2020 has been a kinder year for many cannabis stocks, rebounding after the struggle of last year. However, HEXO stock remains a notable exception, declining by as much as 15% this year so far and dropping 84% below its 52-week high.
It is perhaps important to figure out why HEXO Corp (TSX:HEXO) (NYSE:HEXO) has declined despite a general rebound in the wider cannabis market.
Analyst downgrades almost always hit a stock hard, and that is what happened with HEXO stock in recent days. The firm MKM Partners downgraded the stock to neutral from buy and also cut the 12-month target price from $5.00 to $1.50.

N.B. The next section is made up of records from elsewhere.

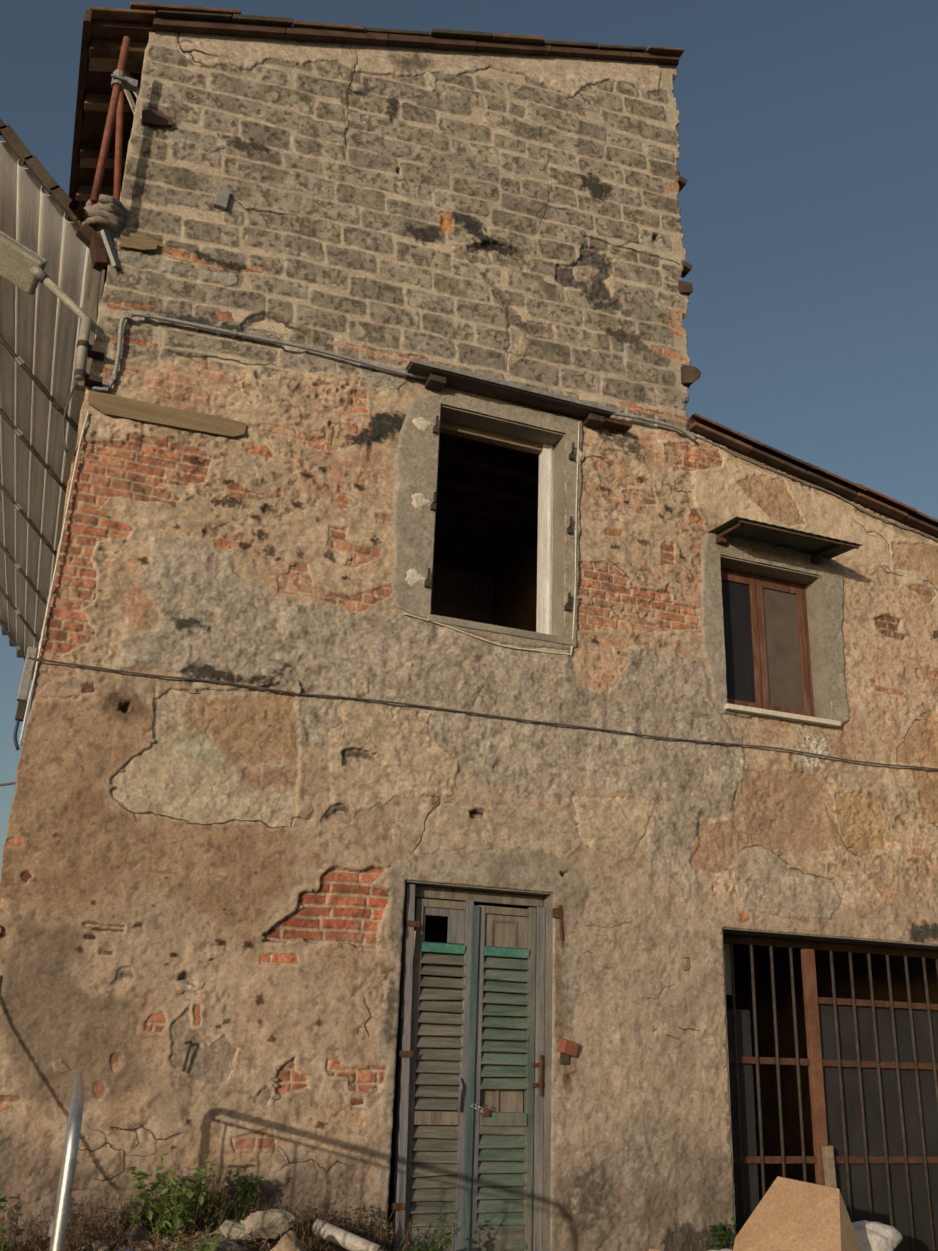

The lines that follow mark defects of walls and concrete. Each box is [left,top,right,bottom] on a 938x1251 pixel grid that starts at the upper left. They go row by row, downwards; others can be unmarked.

crack [344,51,359,158]
leakage [406,225,440,244]
leakage [452,211,515,259]
leakage [579,172,613,200]
leakage [347,411,406,454]
spalling [29,434,212,714]
spalling [202,479,392,615]
spalling [576,562,702,695]
flaking render [109,689,299,828]
spalling [243,862,389,964]
crack [73,1120,184,1190]
crack [279,1148,352,1183]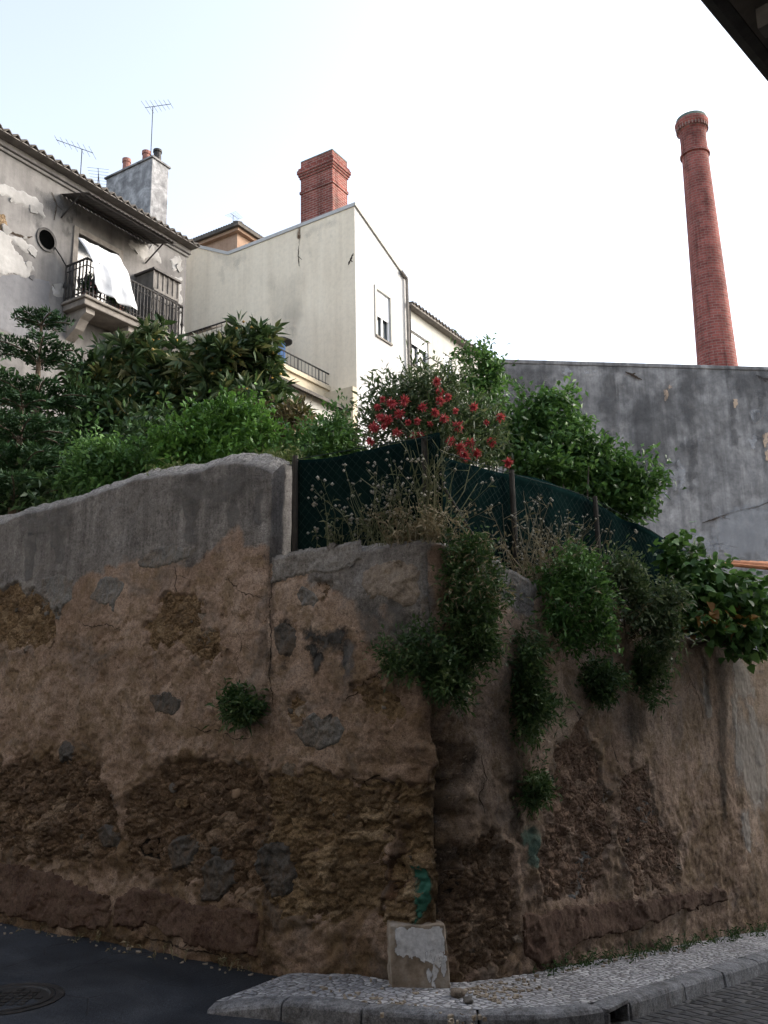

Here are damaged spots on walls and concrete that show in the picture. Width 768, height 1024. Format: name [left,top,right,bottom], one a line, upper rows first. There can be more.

peeling [0,184,45,219]
peeling [0,214,38,281]
peeling [128,240,186,339]
crack [696,502,768,548]
spalling [0,583,60,653]
spalling [145,592,228,665]
spalling [0,716,728,973]

Kirk Douglas, the analyst at MKM, revealed that the company not only missed expectations in the fourth quarter but also laid-off employees and breached some contracts. The exit of the company’s CFO back in October last year has also been cited as one of the reasons behind the downgrade.

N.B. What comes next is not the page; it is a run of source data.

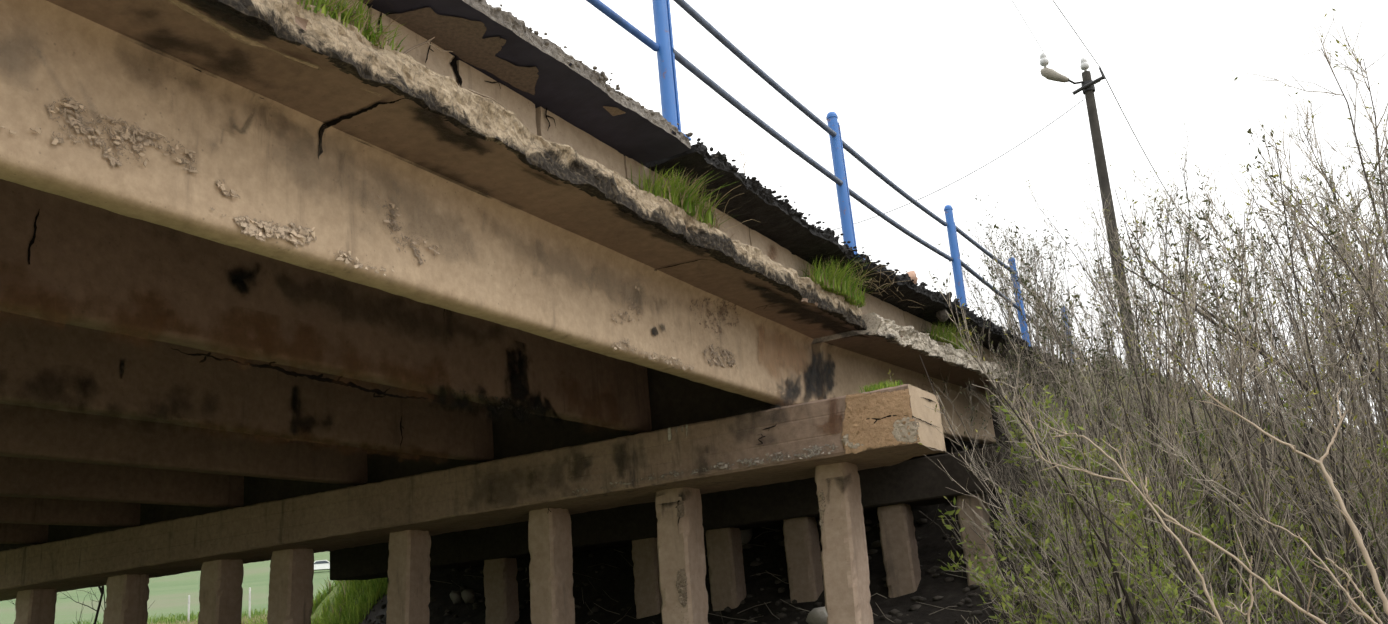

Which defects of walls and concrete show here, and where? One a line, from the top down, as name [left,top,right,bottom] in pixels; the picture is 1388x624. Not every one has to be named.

peeling [386,7,539,95]
spalling [1,97,198,173]
crack [318,98,405,159]
crack [28,209,40,264]
water stain [229,264,259,292]
spalling [210,179,317,248]
spalling [334,250,395,276]
crack [171,348,440,449]
water stain [426,341,562,425]
water stain [782,352,835,404]
spalling [574,388,920,496]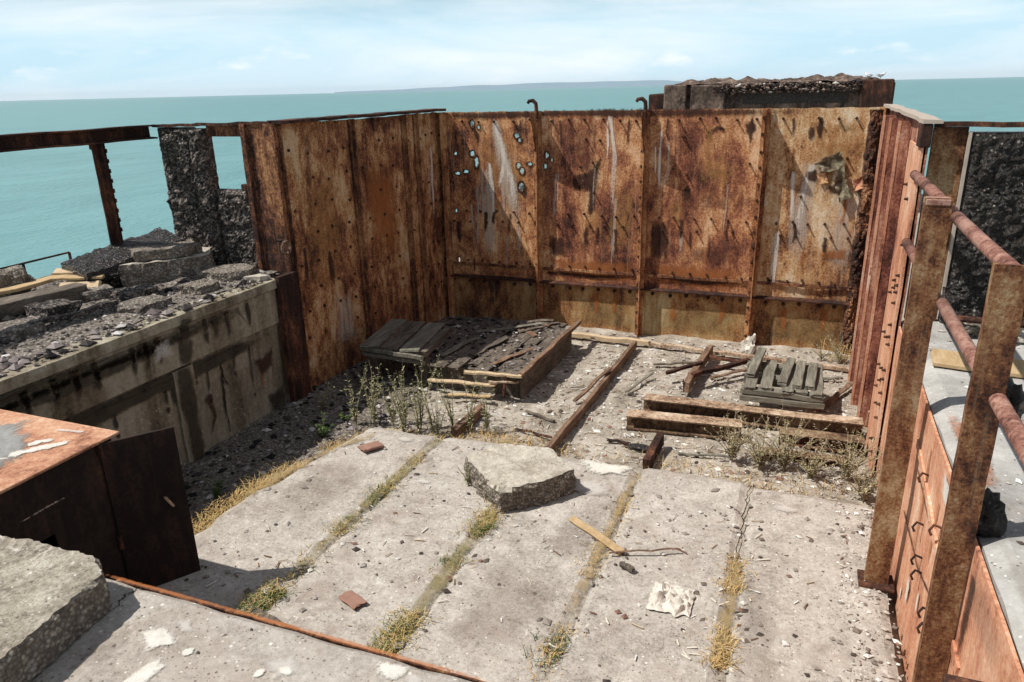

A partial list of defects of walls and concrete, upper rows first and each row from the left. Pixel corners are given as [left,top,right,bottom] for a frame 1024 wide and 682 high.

water stain [481,123,517,251]
water stain [607,116,617,198]
rust [451,108,795,288]
peeling [816,165,864,202]
rust [806,109,884,353]
water stain [0,311,254,461]
rust [254,350,273,386]
crack [734,485,751,565]
rust [904,452,939,592]
rust [115,578,478,679]
rust [958,576,975,646]

At the time of writing, HEXO stock is up 1.87% at $1.36.
Another downgrade came from Roth Capital, which cut the target price to $1.75 from $2.25. However, Roth continued to hold on to its previous neutral rating.
New Stock Offering
There are other factors to keep in mind, as well. Earlier in January, the company announced that it is going to sell as many as 12 million shares to institutional investors at $1.67 per share. This will raise $20 million for the company. It also issued 6 million shares to warrant holders for $2.45 each.
However, such developments also mean further dilution of shares and so drove the stock lower. These are some of the major factors that drove down the price of HEXO stock over the past few weeks. Investors should watch the developments closely over the coming days and look for signs of improvement in the earnings.